_Collected data entries_:

• • •

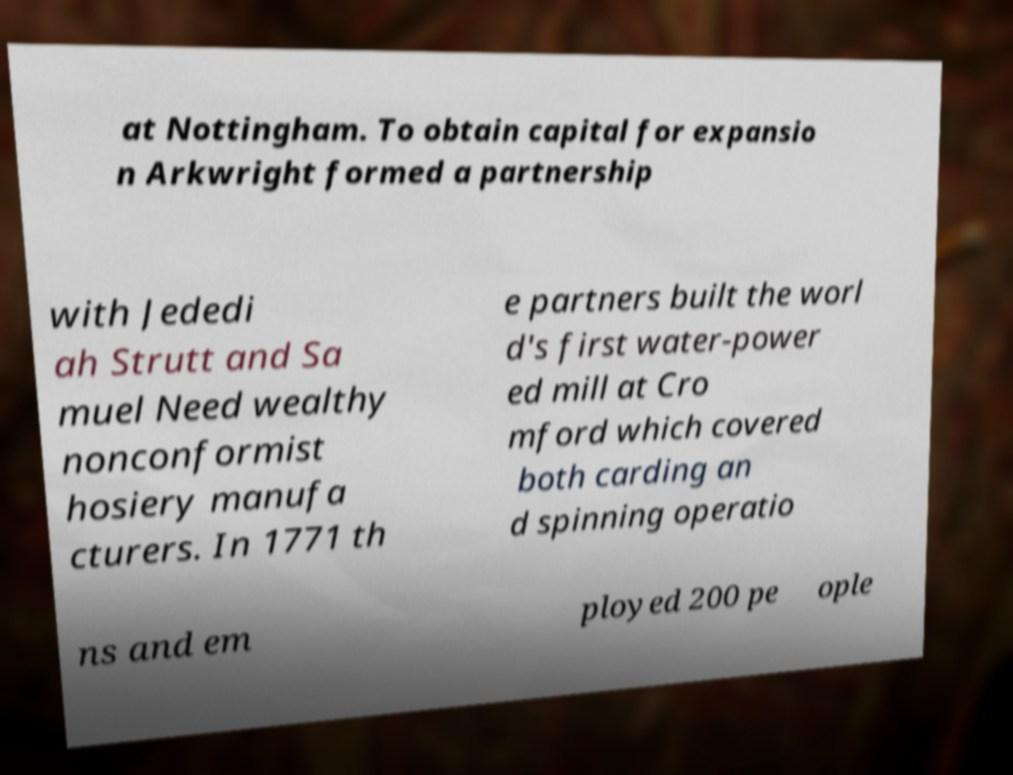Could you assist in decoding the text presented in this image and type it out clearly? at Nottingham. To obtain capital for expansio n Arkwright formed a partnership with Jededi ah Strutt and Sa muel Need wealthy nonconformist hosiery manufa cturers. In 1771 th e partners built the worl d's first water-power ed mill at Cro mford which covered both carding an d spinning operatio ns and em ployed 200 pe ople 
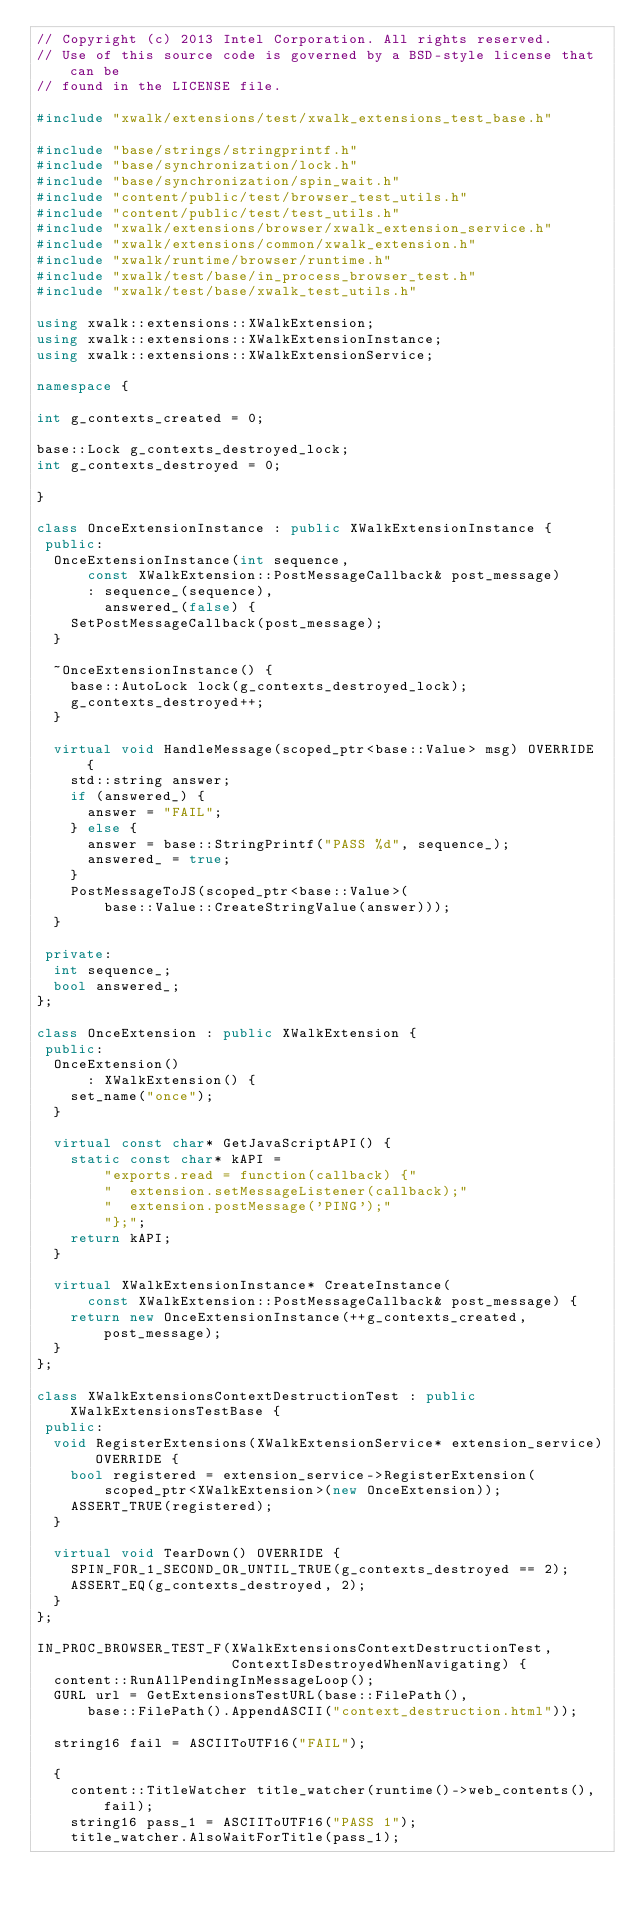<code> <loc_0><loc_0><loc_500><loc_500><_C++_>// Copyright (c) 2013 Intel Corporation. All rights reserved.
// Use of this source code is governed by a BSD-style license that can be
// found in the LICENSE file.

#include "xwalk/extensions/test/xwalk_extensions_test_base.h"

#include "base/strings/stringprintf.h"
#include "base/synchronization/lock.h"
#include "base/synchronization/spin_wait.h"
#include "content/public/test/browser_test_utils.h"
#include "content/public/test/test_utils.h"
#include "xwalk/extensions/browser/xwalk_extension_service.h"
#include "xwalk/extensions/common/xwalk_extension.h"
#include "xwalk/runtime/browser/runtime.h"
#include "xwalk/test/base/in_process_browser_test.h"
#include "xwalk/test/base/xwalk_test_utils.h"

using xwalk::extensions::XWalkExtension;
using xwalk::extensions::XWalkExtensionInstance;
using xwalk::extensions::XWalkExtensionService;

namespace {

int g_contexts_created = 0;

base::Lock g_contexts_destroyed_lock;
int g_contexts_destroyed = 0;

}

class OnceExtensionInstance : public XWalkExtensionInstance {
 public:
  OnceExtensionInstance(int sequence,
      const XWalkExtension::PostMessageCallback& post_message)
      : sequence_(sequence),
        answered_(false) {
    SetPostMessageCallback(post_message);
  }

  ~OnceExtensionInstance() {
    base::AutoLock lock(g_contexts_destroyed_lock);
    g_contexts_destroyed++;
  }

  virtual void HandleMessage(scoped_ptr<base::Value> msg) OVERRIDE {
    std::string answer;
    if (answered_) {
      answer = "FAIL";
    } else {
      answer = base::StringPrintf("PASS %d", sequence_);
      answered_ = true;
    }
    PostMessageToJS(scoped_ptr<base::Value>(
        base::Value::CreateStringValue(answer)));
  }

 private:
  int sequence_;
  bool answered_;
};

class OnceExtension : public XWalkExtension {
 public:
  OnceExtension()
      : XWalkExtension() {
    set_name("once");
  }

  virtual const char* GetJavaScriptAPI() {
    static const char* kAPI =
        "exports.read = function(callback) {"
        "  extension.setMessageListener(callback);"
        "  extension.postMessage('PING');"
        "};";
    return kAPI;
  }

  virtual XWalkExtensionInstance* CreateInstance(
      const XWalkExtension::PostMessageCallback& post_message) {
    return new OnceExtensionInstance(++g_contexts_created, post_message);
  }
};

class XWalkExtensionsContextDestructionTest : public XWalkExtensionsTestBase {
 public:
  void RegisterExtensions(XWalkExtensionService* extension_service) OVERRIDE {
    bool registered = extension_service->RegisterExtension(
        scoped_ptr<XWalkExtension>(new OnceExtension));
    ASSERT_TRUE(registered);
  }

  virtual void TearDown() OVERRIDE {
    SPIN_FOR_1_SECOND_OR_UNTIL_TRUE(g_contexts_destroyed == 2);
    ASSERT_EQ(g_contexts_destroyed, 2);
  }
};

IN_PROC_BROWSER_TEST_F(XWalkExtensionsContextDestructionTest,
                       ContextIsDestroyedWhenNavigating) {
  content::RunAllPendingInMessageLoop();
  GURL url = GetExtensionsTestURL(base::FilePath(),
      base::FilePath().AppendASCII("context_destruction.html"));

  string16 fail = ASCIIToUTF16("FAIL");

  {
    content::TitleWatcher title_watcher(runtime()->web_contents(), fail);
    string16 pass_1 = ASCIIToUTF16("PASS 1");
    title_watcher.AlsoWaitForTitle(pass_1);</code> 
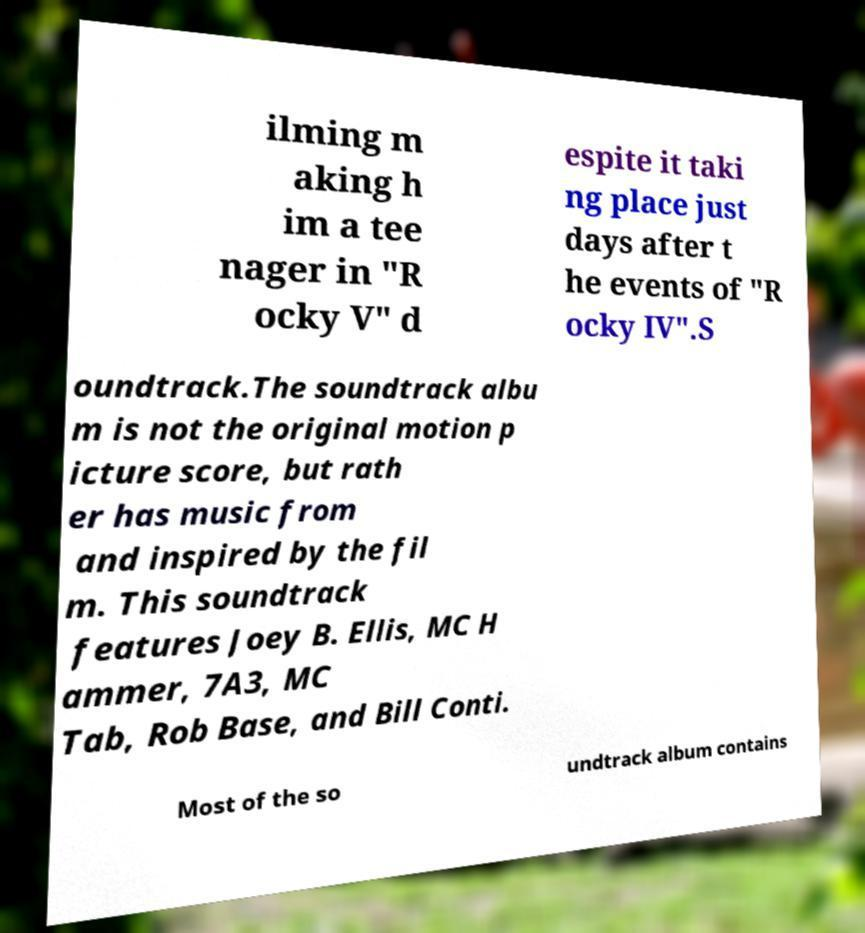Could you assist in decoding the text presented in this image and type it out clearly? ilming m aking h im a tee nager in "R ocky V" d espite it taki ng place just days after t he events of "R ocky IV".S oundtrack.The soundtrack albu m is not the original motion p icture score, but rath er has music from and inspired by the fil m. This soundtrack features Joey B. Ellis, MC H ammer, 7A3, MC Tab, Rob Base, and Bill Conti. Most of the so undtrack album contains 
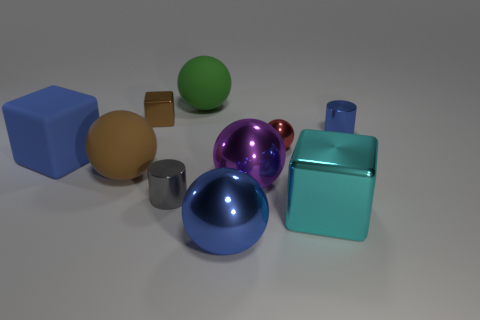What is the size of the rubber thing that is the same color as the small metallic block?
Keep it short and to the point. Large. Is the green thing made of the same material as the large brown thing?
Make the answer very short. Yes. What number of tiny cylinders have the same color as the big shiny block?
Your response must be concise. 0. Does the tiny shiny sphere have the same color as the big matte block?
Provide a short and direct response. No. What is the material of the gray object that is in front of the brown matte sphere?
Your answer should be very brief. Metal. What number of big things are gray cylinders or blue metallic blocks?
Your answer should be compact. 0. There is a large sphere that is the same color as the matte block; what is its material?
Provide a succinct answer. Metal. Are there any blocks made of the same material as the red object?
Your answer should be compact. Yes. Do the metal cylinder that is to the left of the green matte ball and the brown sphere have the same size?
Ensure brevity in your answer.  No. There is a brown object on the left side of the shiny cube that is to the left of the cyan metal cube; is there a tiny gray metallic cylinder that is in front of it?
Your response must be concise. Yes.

• • •

_What is expected_:
Copy the records above exactly, leaving out every picture.

_Answer box_:
Could you assist in decoding the text presented in this image and type it out clearly? at Nottingham. To obtain capital for expansio n Arkwright formed a partnership with Jededi ah Strutt and Sa muel Need wealthy nonconformist hosiery manufa cturers. In 1771 th e partners built the worl d's first water-power ed mill at Cro mford which covered both carding an d spinning operatio ns and em ployed 200 pe ople 
<code> <loc_0><loc_0><loc_500><loc_500><_C++_>// Copyright (c) 2013 Intel Corporation. All rights reserved.
// Use of this source code is governed by a BSD-style license that can be
// found in the LICENSE file.

#include "xwalk/extensions/test/xwalk_extensions_test_base.h"

#include "base/strings/stringprintf.h"
#include "base/synchronization/lock.h"
#include "base/synchronization/spin_wait.h"
#include "content/public/test/browser_test_utils.h"
#include "content/public/test/test_utils.h"
#include "xwalk/extensions/browser/xwalk_extension_service.h"
#include "xwalk/extensions/common/xwalk_extension.h"
#include "xwalk/runtime/browser/runtime.h"
#include "xwalk/test/base/in_process_browser_test.h"
#include "xwalk/test/base/xwalk_test_utils.h"

using xwalk::extensions::XWalkExtension;
using xwalk::extensions::XWalkExtensionInstance;
using xwalk::extensions::XWalkExtensionService;

namespace {

int g_contexts_created = 0;

base::Lock g_contexts_destroyed_lock;
int g_contexts_destroyed = 0;

}

class OnceExtensionInstance : public XWalkExtensionInstance {
 public:
  OnceExtensionInstance(int sequence,
      const XWalkExtension::PostMessageCallback& post_message)
      : sequence_(sequence),
        answered_(false) {
    SetPostMessageCallback(post_message);
  }

  ~OnceExtensionInstance() {
    base::AutoLock lock(g_contexts_destroyed_lock);
    g_contexts_destroyed++;
  }

  virtual void HandleMessage(scoped_ptr<base::Value> msg) OVERRIDE {
    std::string answer;
    if (answered_) {
      answer = "FAIL";
    } else {
      answer = base::StringPrintf("PASS %d", sequence_);
      answered_ = true;
    }
    PostMessageToJS(scoped_ptr<base::Value>(
        base::Value::CreateStringValue(answer)));
  }

 private:
  int sequence_;
  bool answered_;
};

class OnceExtension : public XWalkExtension {
 public:
  OnceExtension()
      : XWalkExtension() {
    set_name("once");
  }

  virtual const char* GetJavaScriptAPI() {
    static const char* kAPI =
        "exports.read = function(callback) {"
        "  extension.setMessageListener(callback);"
        "  extension.postMessage('PING');"
        "};";
    return kAPI;
  }

  virtual XWalkExtensionInstance* CreateInstance(
      const XWalkExtension::PostMessageCallback& post_message) {
    return new OnceExtensionInstance(++g_contexts_created, post_message);
  }
};

class XWalkExtensionsContextDestructionTest : public XWalkExtensionsTestBase {
 public:
  void RegisterExtensions(XWalkExtensionService* extension_service) OVERRIDE {
    bool registered = extension_service->RegisterExtension(
        scoped_ptr<XWalkExtension>(new OnceExtension));
    ASSERT_TRUE(registered);
  }

  virtual void TearDown() OVERRIDE {
    SPIN_FOR_1_SECOND_OR_UNTIL_TRUE(g_contexts_destroyed == 2);
    ASSERT_EQ(g_contexts_destroyed, 2);
  }
};

IN_PROC_BROWSER_TEST_F(XWalkExtensionsContextDestructionTest,
                       ContextIsDestroyedWhenNavigating) {
  content::RunAllPendingInMessageLoop();
  GURL url = GetExtensionsTestURL(base::FilePath(),
      base::FilePath().AppendASCII("context_destruction.html"));

  string16 fail = ASCIIToUTF16("FAIL");

  {
    content::TitleWatcher title_watcher(runtime()->web_contents(), fail);
    string16 pass_1 = ASCIIToUTF16("PASS 1");
    title_watcher.AlsoWaitForTitle(pass_1);</code> 
Could you assist in decoding the text presented in this image and type it out clearly? ilming m aking h im a tee nager in "R ocky V" d espite it taki ng place just days after t he events of "R ocky IV".S oundtrack.The soundtrack albu m is not the original motion p icture score, but rath er has music from and inspired by the fil m. This soundtrack features Joey B. Ellis, MC H ammer, 7A3, MC Tab, Rob Base, and Bill Conti. Most of the so undtrack album contains 
What is the size of the rubber thing that is the same color as the small metallic block?
Keep it short and to the point. Large. Is the green thing made of the same material as the large brown thing?
Make the answer very short. Yes. What number of tiny cylinders have the same color as the big shiny block?
Your response must be concise. 0. Does the tiny shiny sphere have the same color as the big matte block?
Provide a short and direct response. No. What is the material of the gray object that is in front of the brown matte sphere?
Your answer should be very brief. Metal. What number of big things are gray cylinders or blue metallic blocks?
Your answer should be compact. 0. There is a large sphere that is the same color as the matte block; what is its material?
Provide a succinct answer. Metal. Are there any blocks made of the same material as the red object?
Your answer should be compact. Yes. Do the metal cylinder that is to the left of the green matte ball and the brown sphere have the same size?
Ensure brevity in your answer.  No. There is a brown object on the left side of the shiny cube that is to the left of the cyan metal cube; is there a tiny gray metallic cylinder that is in front of it?
Your response must be concise. Yes.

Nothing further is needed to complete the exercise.